He signalled to the “Gairloch,” which was still standing by, that he was able to carry on, and with a farewell hoot of her siren she rolled off again on her homeward road. Soon her smoke was lost to view in the gathering dusk. The derelict was on her own now, for good or ill.
Kavanagh set his crew to work at once heaving the deck-load over the side, and himself went below, accompanied by one of his few “sail” men, a young seaman named Rawlings, to investigate matters below.
The sense of desolation which always pervades any place inhabited by man when man’s presence is removed was strong upon him as soon as he began to descend the companion which led to the saloon. That he had looked for, however, and silence he had also looked for: so that it was with an unpleasant sensation of shock that he became suddenly aware of a strange voice speaking in rapid and monotonous tones, and in some language, too, which he could not at all make out.
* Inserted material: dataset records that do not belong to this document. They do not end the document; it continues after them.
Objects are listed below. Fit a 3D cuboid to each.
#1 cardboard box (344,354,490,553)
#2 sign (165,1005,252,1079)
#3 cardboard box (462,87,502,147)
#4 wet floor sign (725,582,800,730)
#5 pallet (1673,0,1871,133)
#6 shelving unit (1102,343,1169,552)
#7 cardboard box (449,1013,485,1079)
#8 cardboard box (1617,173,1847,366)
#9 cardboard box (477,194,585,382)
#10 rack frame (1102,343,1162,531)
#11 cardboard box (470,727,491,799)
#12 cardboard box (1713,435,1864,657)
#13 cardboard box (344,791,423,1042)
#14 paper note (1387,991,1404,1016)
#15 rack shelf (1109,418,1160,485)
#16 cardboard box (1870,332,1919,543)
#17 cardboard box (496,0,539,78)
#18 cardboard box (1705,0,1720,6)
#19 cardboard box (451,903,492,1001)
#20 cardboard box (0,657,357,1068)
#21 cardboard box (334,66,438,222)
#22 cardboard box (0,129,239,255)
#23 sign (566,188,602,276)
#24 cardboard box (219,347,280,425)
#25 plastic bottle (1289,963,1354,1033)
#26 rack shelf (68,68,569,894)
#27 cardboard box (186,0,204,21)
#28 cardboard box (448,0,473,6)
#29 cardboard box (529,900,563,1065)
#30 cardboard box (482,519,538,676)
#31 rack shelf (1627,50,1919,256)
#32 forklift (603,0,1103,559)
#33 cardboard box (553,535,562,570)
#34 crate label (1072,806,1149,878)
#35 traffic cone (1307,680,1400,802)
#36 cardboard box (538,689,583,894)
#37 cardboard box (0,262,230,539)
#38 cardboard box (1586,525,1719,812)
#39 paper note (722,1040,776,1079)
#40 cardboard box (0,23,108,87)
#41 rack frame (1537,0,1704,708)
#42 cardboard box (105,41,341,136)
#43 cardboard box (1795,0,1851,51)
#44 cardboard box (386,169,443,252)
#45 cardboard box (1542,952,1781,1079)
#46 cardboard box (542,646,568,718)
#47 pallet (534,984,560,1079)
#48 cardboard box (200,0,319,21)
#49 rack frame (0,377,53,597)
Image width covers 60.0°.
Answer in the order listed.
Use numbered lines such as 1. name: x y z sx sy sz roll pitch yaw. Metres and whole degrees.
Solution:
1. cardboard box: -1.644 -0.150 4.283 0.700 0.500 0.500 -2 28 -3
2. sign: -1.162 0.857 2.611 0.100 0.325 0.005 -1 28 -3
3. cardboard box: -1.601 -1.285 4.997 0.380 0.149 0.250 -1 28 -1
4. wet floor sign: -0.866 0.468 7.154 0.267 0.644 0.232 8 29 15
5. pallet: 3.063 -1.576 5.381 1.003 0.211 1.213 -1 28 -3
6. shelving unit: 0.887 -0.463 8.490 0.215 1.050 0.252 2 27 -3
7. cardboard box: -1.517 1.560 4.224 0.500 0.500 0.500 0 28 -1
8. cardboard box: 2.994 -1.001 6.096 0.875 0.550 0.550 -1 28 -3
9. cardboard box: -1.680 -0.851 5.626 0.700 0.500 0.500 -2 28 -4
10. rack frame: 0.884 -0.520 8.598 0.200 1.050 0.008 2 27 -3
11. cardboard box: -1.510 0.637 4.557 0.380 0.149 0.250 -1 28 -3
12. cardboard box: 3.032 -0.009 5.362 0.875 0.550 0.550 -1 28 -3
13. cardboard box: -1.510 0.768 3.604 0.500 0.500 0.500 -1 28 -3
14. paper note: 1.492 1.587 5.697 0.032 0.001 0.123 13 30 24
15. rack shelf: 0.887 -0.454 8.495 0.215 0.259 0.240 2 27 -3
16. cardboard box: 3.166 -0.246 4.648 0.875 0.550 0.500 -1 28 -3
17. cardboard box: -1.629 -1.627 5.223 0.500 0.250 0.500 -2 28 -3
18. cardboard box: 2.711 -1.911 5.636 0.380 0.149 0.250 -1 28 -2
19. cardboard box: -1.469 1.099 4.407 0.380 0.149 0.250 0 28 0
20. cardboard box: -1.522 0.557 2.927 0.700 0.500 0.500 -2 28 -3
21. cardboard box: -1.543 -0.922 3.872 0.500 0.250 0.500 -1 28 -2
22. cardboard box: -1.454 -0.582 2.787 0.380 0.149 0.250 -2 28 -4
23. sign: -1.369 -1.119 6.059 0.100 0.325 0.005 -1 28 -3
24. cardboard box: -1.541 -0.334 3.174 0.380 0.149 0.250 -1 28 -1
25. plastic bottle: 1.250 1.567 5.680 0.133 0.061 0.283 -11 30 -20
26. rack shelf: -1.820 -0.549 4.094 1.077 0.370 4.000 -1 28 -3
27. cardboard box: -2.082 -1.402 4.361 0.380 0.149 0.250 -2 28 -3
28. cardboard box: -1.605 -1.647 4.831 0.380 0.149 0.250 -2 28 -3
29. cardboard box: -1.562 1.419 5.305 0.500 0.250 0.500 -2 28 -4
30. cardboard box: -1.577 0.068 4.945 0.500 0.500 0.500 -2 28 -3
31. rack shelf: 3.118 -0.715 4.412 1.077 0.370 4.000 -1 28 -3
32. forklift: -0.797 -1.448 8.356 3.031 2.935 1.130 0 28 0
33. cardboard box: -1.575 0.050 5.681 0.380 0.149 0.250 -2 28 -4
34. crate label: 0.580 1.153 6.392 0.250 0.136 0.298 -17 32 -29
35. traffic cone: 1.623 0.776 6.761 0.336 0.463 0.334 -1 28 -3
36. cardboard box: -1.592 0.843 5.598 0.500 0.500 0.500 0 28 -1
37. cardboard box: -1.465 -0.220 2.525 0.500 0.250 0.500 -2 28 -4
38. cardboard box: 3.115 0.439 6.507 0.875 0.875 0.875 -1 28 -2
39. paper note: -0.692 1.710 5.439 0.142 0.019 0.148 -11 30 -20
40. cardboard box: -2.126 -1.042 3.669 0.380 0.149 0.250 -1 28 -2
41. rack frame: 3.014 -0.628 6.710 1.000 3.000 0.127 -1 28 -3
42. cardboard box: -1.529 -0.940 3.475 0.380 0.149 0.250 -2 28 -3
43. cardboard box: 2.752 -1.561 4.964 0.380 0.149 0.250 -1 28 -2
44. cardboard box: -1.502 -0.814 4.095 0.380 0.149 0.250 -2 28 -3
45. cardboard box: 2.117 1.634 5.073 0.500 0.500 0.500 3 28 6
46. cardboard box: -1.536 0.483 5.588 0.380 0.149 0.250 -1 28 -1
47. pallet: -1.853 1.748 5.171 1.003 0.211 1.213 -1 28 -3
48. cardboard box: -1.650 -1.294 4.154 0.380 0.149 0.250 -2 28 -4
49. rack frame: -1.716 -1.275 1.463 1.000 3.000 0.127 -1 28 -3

There was someone on board all the time, then! And yet—it was a peculiar sort of voice—a voice with a strange, a hardly human ring in it—unnatural, uncanny. Kavanagh stopped short half-way down the companion. His scalp crept; indeed, he felt convinced that his cap must be standing at least a quarter of an inch off his head. He restrained, not without difficulty, a primitive impulse to bolt up on deck again—an impulse which the consciousness of Rawlings’ round eyes and open mouth just behind him helped him to check.
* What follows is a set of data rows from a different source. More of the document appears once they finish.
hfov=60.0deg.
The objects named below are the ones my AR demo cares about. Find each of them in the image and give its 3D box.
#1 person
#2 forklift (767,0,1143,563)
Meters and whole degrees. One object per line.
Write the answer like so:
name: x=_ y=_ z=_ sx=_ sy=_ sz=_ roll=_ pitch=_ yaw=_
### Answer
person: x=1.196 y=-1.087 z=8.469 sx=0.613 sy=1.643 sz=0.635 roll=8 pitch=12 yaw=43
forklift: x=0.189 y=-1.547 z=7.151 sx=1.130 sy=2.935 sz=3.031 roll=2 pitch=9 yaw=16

The voice ceased as suddenly as it had begun, and the silence which followed it was worse than the sound.
“Wot the ’ell is it?” came the hoarse voice of Rawlings.
“Sounds like someone crazy,” pronounced Kavanagh; “sick, perhaps, and they couldn’t get him away——”
He pulled himself together with an effort, and they completed the descent into the saloon.
They stood together, Rawlings and he, in the little saloon, panelled with bird’s-eye maple in the style once considered the last word in elegant ship decoration, with its shabby padded settees, its mahogany table marked with the rings of many glasses, its spotted and tarnished mirrors, and its teak medicine chest in the corner.
It was a sorrowful, haunted little place. A smell of stale cigar-smoke hung about it. The air was chilly, yet stuffy. The uncanny silence of the deserted ship was all around—a silence only intensified by the monotonous booming and crashing of the seas, and the occasionally spasmodic thrashing of a loose block on the deck overhead.